Background

HIV-1 can establish a state of latency in the early stages of infection. The integration of viral cDNA into host chromosomes is a fundamental step, after which, viral genomes can persist for the lifespan of infected cell [1]. Despite combination antiretroviral therapy (cART), which can repress HIV-1 replication and delay the progression of AIDS, HIV-1 reemerges rapidly after an interruption in treatment [2, 3]. Due to the long half-life of viral reservoirs, it has been reported that the eradication of HIV-1 with current drugs would require over 60 years [4]. The transcription of HIV-1 genome depends on both viral and cellular factors [5]. The activity of HIV promoter is closely connected to the activation of host cells [6]. Additionally, gene expression of HIV-1 latency can be dynamically regulated through epigenetic changes in chromatin structure surrounding and within integrated HIV-1 provirus [7, 8]. In particular, acetylation and methylation have considered as critical elements of chromatin activity and play a critical role in gene regulation [9]. Recently, Park et al. [10] generated the genome-wide maps of histone modifications for histone 3 lysine 4 trimethylated (H3K4me3) and histone 3 lysine 9 acetylated (H3K9ac) using HIV-1 latently infected cells and uninfected cells.
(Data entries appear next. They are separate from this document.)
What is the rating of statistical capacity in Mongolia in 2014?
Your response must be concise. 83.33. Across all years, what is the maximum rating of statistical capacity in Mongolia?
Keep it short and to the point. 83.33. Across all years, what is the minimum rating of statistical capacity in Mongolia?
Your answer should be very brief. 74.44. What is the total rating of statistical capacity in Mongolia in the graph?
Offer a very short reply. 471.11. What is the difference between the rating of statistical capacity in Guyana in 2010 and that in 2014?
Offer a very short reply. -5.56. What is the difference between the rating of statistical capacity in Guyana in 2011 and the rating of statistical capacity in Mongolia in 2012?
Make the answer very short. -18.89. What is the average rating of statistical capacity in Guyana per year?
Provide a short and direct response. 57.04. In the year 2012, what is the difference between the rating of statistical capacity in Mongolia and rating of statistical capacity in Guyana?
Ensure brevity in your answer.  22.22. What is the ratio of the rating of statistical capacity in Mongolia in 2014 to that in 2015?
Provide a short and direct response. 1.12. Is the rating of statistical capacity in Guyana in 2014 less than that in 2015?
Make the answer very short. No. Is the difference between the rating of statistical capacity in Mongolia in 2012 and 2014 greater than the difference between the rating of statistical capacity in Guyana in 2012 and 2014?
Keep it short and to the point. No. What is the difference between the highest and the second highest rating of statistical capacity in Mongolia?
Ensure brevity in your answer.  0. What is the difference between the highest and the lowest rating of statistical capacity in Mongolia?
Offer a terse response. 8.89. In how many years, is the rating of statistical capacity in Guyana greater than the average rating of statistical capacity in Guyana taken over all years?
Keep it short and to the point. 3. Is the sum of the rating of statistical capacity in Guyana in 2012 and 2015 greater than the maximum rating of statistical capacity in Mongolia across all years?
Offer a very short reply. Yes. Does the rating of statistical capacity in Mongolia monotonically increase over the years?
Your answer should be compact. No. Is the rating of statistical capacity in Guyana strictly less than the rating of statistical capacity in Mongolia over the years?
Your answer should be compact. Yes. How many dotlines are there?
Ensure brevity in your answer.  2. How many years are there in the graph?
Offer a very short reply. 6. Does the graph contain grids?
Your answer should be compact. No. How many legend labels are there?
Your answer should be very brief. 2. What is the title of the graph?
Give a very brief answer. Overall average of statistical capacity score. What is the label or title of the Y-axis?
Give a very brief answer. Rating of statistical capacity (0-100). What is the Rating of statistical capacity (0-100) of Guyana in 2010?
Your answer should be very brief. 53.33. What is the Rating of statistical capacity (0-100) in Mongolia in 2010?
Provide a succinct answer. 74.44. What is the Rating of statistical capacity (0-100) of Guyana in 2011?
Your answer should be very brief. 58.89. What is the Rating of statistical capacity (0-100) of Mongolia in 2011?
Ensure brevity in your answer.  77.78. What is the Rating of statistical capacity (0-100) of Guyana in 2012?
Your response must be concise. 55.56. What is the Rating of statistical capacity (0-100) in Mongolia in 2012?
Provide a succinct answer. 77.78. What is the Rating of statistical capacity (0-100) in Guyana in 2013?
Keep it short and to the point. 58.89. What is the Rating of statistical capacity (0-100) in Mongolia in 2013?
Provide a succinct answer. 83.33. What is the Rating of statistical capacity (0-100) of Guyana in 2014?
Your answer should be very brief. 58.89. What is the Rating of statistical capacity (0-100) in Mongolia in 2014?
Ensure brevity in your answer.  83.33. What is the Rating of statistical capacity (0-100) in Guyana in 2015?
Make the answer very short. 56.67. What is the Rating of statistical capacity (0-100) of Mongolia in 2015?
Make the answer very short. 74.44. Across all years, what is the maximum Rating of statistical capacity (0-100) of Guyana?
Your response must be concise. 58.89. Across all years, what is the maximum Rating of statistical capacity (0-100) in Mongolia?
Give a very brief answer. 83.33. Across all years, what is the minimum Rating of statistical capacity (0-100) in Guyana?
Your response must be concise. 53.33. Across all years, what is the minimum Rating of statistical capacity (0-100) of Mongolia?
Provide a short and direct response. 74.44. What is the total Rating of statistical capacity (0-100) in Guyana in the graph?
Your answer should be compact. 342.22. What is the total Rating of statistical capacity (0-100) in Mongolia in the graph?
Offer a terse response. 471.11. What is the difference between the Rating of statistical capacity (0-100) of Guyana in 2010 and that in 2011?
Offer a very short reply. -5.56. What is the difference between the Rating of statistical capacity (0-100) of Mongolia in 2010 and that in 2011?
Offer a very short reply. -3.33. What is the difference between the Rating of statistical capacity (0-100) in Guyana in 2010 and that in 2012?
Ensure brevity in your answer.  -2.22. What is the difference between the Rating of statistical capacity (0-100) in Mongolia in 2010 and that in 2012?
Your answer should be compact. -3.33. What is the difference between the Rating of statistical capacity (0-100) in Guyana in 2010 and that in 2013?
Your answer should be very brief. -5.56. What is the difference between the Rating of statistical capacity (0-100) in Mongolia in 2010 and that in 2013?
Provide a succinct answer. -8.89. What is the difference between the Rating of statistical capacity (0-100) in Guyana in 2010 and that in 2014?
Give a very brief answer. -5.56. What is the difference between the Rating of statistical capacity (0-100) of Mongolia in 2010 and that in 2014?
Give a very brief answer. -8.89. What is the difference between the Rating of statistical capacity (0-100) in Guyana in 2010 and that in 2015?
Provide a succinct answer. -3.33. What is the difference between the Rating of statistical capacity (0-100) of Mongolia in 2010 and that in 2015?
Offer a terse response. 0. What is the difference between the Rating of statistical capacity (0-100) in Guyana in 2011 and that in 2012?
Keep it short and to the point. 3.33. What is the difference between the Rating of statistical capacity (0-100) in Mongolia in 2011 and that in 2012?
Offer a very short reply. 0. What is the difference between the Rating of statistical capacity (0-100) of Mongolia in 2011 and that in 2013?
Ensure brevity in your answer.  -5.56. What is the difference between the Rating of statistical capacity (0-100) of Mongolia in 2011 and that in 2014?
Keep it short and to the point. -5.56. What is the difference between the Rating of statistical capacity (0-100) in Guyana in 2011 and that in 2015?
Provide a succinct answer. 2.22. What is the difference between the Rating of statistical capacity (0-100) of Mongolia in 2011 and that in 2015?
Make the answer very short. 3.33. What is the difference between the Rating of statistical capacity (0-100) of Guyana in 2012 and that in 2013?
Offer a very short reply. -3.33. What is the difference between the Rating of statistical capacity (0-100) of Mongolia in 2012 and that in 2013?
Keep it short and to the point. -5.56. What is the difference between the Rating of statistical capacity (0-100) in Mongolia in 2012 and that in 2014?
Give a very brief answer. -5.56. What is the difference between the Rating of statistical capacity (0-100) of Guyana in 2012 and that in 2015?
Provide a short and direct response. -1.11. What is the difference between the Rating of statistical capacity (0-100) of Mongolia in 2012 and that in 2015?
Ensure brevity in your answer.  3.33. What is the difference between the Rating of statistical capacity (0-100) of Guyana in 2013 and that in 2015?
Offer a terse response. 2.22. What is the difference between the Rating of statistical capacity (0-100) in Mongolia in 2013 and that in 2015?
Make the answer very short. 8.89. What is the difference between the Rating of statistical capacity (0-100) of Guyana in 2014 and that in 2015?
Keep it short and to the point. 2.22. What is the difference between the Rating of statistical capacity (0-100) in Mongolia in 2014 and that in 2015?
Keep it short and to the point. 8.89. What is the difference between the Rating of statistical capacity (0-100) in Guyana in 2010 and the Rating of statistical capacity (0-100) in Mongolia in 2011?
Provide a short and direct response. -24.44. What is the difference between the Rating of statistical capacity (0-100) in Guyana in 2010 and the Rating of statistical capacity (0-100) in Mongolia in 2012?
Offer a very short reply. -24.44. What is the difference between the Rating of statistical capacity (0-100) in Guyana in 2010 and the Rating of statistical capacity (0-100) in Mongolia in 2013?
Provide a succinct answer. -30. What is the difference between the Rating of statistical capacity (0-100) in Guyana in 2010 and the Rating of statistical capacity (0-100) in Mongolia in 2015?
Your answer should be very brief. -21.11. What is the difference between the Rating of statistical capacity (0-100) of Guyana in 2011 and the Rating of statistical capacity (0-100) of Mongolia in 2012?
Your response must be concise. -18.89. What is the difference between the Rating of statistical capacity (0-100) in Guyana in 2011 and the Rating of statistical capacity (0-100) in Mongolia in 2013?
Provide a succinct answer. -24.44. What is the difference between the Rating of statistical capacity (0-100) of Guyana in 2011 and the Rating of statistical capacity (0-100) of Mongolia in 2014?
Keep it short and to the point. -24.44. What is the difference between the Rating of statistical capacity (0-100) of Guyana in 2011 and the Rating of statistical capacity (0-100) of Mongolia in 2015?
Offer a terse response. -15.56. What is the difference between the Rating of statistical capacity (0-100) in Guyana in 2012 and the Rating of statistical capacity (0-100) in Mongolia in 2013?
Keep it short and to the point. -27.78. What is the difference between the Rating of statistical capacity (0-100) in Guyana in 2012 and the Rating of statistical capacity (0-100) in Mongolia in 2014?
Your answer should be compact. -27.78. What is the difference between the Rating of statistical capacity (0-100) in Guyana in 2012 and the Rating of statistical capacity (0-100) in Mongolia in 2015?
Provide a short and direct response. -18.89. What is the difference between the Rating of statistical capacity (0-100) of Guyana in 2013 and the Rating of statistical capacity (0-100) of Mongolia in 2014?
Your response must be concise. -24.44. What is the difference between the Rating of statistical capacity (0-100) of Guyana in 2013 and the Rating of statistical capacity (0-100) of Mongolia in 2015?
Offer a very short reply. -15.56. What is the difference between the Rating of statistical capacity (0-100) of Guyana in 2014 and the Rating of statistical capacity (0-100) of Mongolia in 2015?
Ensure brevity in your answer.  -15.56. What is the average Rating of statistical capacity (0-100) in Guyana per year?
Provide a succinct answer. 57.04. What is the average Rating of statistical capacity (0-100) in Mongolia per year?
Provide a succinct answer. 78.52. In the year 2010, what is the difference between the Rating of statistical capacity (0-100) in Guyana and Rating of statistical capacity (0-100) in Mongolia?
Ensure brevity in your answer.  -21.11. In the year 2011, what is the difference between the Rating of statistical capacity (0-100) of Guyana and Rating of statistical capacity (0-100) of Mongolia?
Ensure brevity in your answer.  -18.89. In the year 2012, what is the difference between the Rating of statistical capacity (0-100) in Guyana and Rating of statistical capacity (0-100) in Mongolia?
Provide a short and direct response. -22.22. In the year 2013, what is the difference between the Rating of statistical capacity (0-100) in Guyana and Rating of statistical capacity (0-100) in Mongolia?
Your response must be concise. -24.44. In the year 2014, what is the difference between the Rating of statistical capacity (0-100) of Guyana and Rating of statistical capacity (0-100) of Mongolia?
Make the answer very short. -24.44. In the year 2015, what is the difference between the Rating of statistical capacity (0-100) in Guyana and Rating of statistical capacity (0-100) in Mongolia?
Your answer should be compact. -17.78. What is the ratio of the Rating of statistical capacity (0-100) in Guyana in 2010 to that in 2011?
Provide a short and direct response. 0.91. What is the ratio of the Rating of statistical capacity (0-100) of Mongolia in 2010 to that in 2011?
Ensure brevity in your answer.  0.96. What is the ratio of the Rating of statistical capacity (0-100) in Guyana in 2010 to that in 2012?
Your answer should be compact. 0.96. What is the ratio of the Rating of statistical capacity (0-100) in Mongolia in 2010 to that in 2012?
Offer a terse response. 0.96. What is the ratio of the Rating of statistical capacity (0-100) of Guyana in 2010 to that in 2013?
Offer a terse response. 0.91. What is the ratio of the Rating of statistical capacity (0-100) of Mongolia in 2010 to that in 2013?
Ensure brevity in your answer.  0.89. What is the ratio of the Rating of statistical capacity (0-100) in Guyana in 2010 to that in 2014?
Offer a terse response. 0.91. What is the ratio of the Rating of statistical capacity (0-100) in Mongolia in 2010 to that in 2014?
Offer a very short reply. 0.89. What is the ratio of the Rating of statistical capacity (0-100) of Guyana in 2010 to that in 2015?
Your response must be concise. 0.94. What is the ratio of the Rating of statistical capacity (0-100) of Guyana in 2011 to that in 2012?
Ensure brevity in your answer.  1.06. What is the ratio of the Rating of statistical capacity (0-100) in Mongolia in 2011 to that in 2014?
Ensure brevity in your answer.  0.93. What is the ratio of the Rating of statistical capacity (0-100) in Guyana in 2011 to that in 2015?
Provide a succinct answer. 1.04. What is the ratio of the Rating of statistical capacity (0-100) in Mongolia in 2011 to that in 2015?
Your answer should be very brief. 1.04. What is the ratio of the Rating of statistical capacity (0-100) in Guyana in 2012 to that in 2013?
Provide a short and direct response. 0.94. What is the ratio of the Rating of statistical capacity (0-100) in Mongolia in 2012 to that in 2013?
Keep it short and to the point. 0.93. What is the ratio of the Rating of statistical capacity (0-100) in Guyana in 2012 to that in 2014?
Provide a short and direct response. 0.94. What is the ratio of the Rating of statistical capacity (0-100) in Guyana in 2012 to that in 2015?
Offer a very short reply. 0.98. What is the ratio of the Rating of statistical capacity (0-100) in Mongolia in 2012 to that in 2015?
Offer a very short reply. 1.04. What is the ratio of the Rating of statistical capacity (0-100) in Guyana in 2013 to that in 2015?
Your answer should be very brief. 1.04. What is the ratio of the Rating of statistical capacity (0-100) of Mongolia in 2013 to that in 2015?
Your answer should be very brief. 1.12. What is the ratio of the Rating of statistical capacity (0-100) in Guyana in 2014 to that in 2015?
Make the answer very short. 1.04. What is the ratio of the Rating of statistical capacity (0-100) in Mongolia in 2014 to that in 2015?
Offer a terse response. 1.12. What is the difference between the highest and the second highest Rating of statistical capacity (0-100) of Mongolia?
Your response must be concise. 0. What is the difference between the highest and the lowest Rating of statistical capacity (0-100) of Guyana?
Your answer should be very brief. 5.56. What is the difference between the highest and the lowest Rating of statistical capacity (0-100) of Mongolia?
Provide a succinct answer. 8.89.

They found that histone modification near HIV-1 integrated regions did not show significantly different patterns compared with control and that the enrichment of histone modification was generally no difference before and after HIV-1 integration. In addition, HIV-1 is able to establish interchromosomal interactions to control viral transcription [11]. Although many studies have reported that an epigenetic mechanism is strongly involved in the maintenance of HIV-1 transcriptional latency [12,13,14,15,16], neither the epigenetic control of viral replication nor how HIV-1 latency is maintained is not fully understood.

Here, we re-analyzed chromatin immunoprecipitation-high throughput parallel DNA sequencing (ChIP-seq) data from Park et al. in AIDS [10] to examine the effect of histone modifications on HIV-1 latency in terms of chromosomal distribution and to find novel genes related to HIV-1 latency.

Results

Chromosomal distribution of enriched histone binding sites in HIV-1 latently infected cells

To identify binding sites of histone modifications such as H3K4me3 and H3K9ac, ChIP-seq data was obtained from the Gene Expression Omnibus (GEO) data repositories (GSE58246). Spatial clustering for identification of ChIP-enriched regions (SICER) 1.1 [17] was used to find differentially enriched histone islands. The number of decreased islands at H3K4me3 and H3K9ac histone modifications ranged from 1587 to 13,173 in HIV-1 latently infected cells (ACH2, NCHA1, and J1.1 cells). Increased islands ranged from 2078 to 9875 (Table 1). These results suggest that the binding sites of histone modifications may differ according to cell lines. Next, to determine the binding distribution pattern of H3K4me3 and H3K9ac across individual chromosomes, the cis-regulatory element annotation system (CEAS) software [18] was used with the decreased and increased island data (Fig. 1). Significant chromosomes were determined as those with a p value <104, those with a ratio of histone modification binding percentage to genome background binding percentage on each chromosome >1.3 and those showing both decreased and increased islands together in all HIV-1 latently infected cells. Chromosomes 16, 17, 19, and 22 were selected by these criteria for comparison of decreased and increased islands on the same chromosome (Additional files 1, 2, 3, and 4). The results suggested that histone modifications binding to host genomes are non-random and preferentially bind to specific chromosomes.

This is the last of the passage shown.